== THE PROBLEM ==
Tell how many lines in the data below hold the string "each"; give nothing but the number.

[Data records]
┏━━

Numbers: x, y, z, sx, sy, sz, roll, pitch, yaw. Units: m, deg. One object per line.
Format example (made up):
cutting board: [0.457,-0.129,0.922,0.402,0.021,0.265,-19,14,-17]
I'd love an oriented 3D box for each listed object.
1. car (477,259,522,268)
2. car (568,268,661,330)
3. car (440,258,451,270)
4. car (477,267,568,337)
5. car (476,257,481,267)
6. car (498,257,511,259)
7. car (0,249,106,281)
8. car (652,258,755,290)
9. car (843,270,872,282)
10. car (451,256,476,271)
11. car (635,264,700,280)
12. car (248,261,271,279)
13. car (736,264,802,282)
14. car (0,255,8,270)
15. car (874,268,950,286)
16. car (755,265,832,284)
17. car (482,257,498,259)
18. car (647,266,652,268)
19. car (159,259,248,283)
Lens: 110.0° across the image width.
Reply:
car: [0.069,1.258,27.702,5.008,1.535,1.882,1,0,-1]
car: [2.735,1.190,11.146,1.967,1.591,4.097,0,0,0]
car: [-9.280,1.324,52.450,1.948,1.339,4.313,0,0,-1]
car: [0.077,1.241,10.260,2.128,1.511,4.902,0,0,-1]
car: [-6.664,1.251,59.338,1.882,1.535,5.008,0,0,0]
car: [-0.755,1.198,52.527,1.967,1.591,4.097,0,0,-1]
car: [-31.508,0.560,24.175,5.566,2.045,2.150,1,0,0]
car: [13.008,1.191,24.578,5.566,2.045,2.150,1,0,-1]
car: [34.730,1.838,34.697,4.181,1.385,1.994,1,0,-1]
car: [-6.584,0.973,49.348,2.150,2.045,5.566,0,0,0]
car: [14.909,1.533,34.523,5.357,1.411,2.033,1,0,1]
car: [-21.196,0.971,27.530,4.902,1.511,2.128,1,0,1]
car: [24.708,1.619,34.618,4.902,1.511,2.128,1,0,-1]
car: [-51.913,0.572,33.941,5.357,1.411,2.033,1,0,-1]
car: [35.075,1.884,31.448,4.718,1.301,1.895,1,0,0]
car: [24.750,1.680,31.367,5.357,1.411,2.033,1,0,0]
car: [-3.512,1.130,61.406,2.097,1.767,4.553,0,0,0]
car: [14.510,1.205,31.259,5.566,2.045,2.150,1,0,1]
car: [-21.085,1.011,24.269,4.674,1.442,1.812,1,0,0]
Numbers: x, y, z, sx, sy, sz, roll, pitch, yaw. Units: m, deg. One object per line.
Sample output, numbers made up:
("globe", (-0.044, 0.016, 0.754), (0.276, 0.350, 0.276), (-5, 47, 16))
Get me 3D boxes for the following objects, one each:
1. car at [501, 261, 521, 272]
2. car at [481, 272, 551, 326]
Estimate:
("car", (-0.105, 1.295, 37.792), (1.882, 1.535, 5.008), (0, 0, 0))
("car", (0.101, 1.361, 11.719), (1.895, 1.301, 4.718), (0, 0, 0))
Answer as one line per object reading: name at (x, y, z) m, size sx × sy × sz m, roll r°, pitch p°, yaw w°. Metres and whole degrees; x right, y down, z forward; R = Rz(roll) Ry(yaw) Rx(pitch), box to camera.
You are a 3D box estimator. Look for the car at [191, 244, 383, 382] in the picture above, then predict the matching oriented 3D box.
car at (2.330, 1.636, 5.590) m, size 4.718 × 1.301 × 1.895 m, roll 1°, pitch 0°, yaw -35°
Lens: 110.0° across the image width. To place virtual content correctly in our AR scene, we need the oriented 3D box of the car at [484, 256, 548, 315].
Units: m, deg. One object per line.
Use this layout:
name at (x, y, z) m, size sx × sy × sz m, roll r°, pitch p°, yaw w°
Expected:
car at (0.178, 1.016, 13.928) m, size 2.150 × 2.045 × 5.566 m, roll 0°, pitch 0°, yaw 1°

┗━━

== RESULT OF THIS EXERCISE ==
2